(INSTRUCTIONS TO FOLLOW)
Could you please retype the records exactly, minus their pictures?

═══ INPUT RECORDS ═══

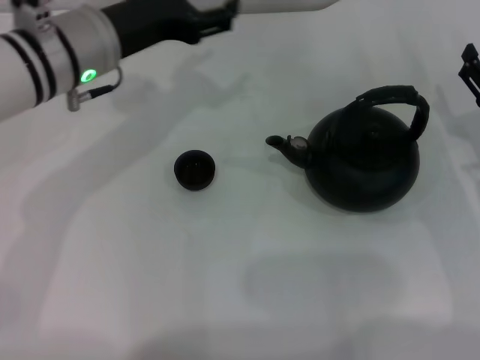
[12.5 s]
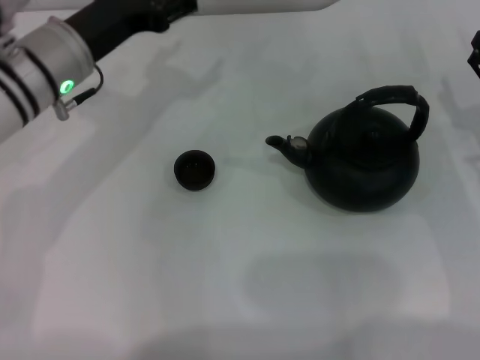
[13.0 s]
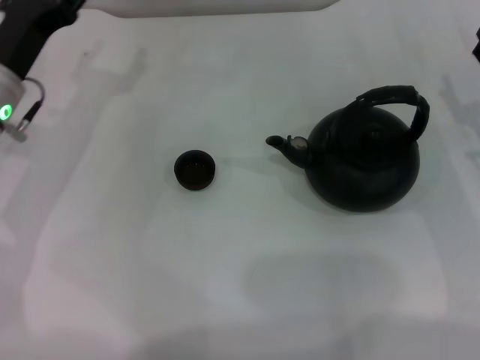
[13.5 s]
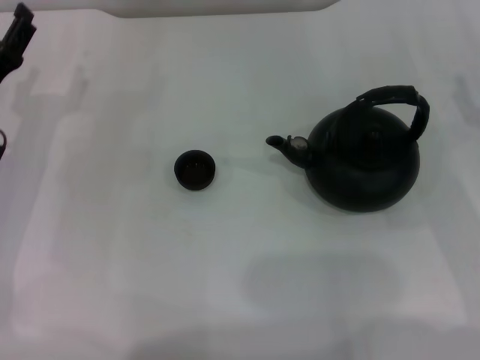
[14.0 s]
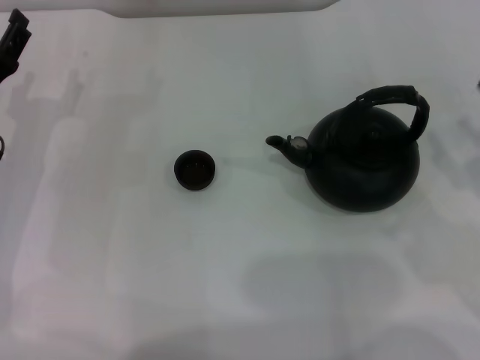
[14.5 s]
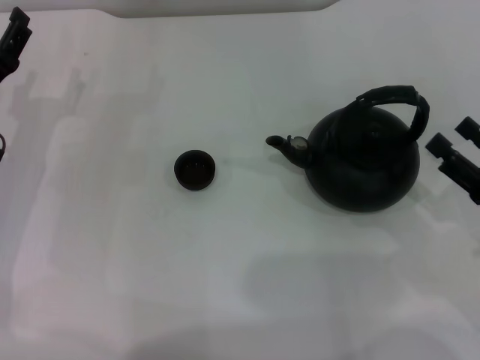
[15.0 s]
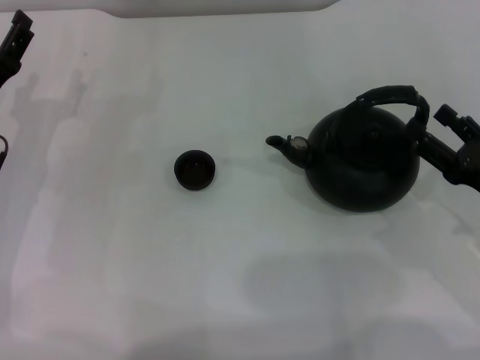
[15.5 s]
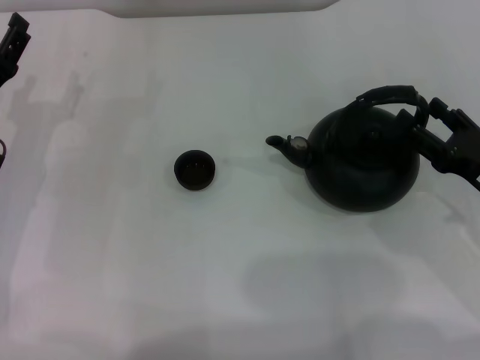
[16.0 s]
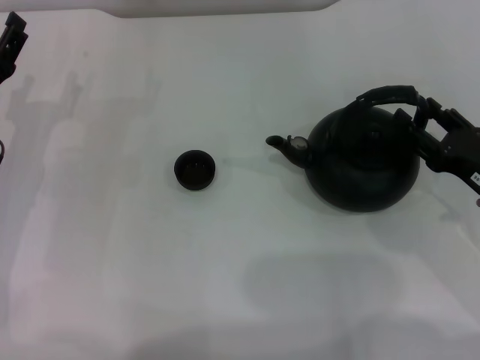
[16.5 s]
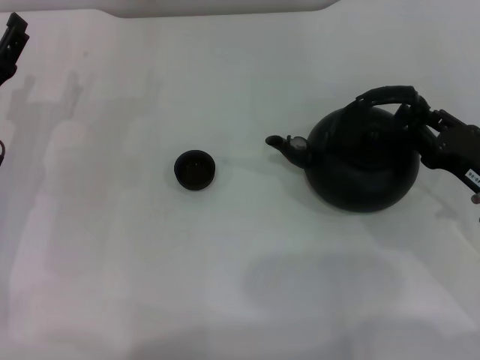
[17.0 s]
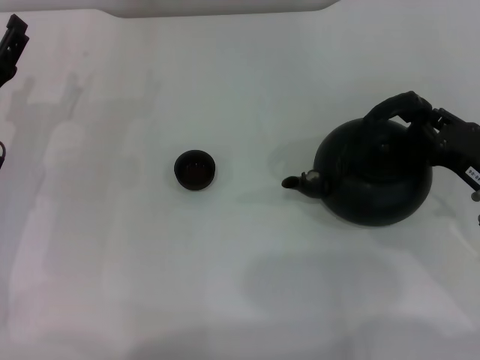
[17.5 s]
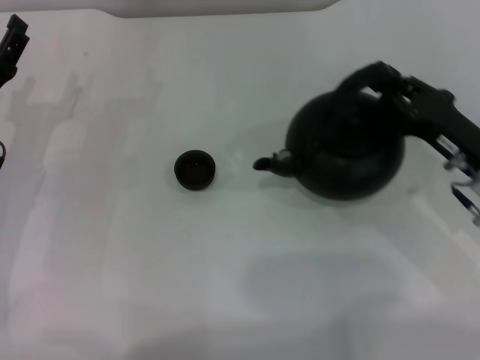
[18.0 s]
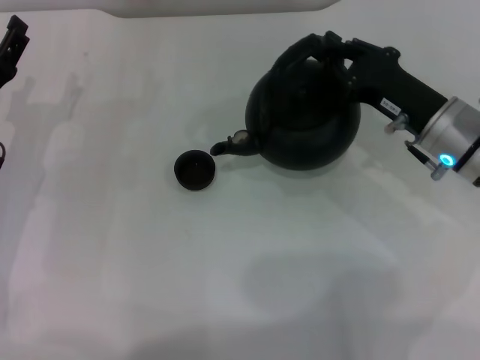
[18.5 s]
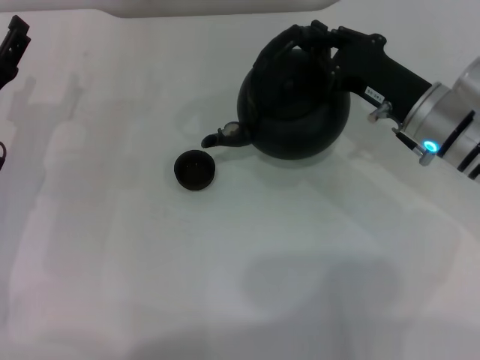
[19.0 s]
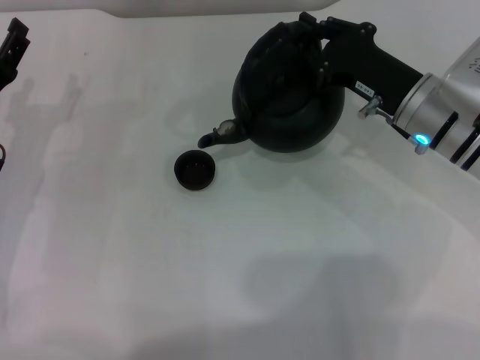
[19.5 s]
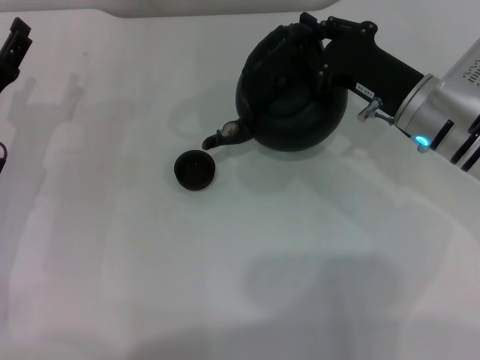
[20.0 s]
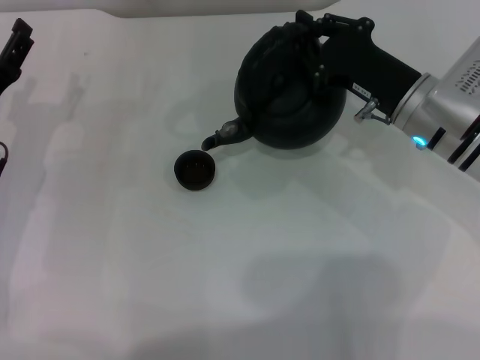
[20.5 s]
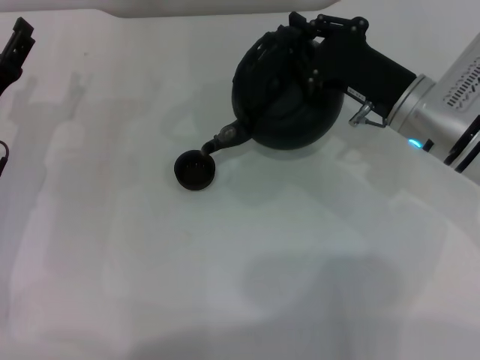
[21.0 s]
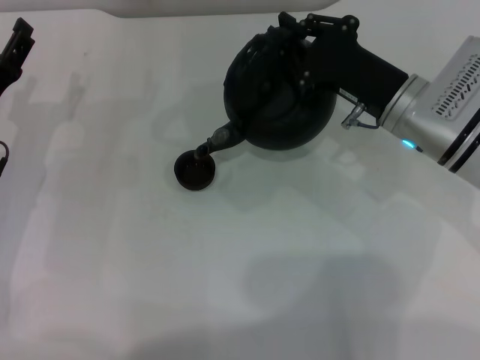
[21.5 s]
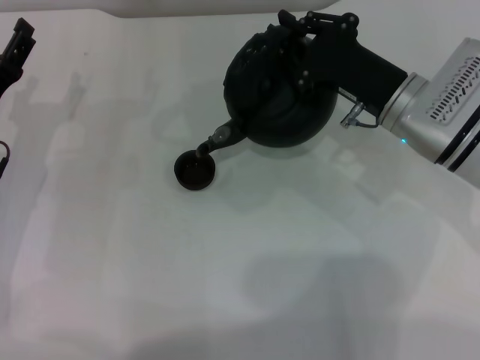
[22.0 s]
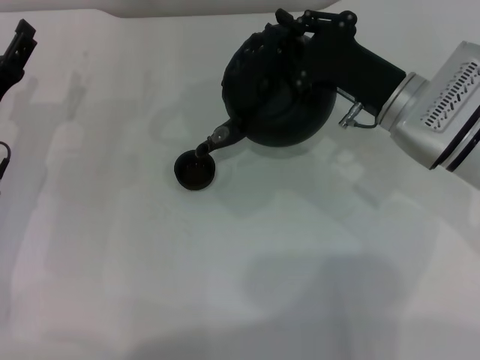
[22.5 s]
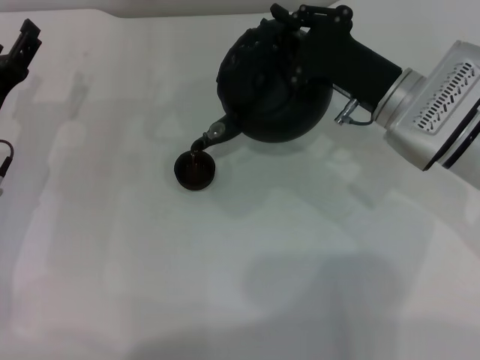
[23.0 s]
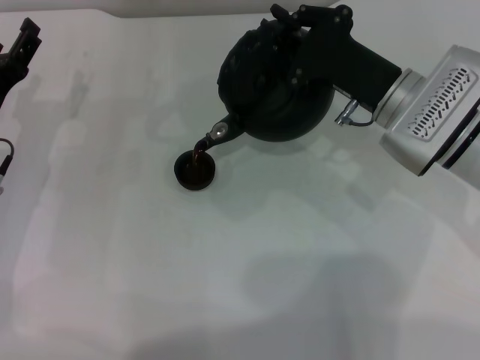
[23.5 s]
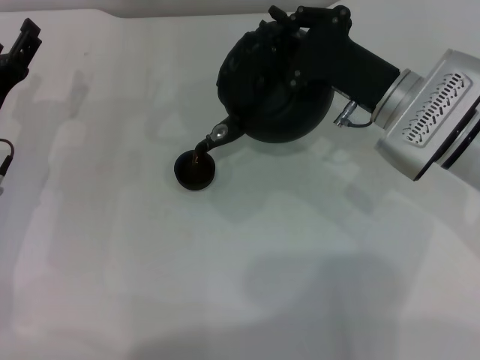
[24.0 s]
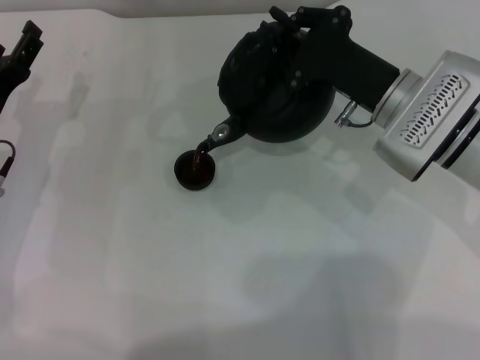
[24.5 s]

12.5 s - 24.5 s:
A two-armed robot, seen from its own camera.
Task of the whole recording: Grasp the handle of the teapot with one hand and pour tea into the teacup.
Step, 12.5 s - 18.0 s: Pick up the teapot with the right gripper.
12.5 s - 14.5 s: The left gripper goes some 15 cm to the left, downward and backward. Meanwhile the right gripper moves backward, roughly 5 cm.
14.5 s - 16.5 s: The right gripper ends up some 5 cm from where it was.
16.5 s - 18.5 s: The right gripper travels forward and to the left by approximately 10 cm, and closes.
18.5 s - 20.5 s: There are only small adjustments of the grippers.
20.5 s - 22.5 s: The grippers make only small movements.
22.5 s - 24.5 s: The grippers move only a little.

═══

(SOLUTION TO THIS EXERCISE)
[12.5 s]
[13.0 s]
[13.5 s]
[14.0 s]
[14.5 s]
[15.0 s]
[15.5 s]
[16.0 s]
[16.5 s]
[17.0 s]
[17.5 s]
[18.0 s]
[18.5 s]
[19.0 s]
[19.5 s]
[20.0 s]
[20.5 s]
[21.0 s]
[21.5 s]
[22.0 s]
[22.5 s]
[23.0 s]
[23.5 s]
[24.0 s]
[24.5 s]

12.5 s - 24.5 s:
A two-armed robot, seen from its own camera.
Task of the whole recording: Grasp the handle of the teapot with one hand and pour tea into the teacup.
Step, 12.5 s - 18.0 s: Pick up the teapot with the right gripper.
12.5 s - 14.5 s: The left gripper goes some 15 cm to the left, downward and backward. Meanwhile the right gripper moves backward, roughly 5 cm.
14.5 s - 16.5 s: The right gripper ends up some 5 cm from where it was.
16.5 s - 18.5 s: The right gripper travels forward and to the left by approximately 10 cm, and closes.
18.5 s - 20.5 s: There are only small adjustments of the grippers.
20.5 s - 22.5 s: The grippers make only small movements.
22.5 s - 24.5 s: The grippers move only a little.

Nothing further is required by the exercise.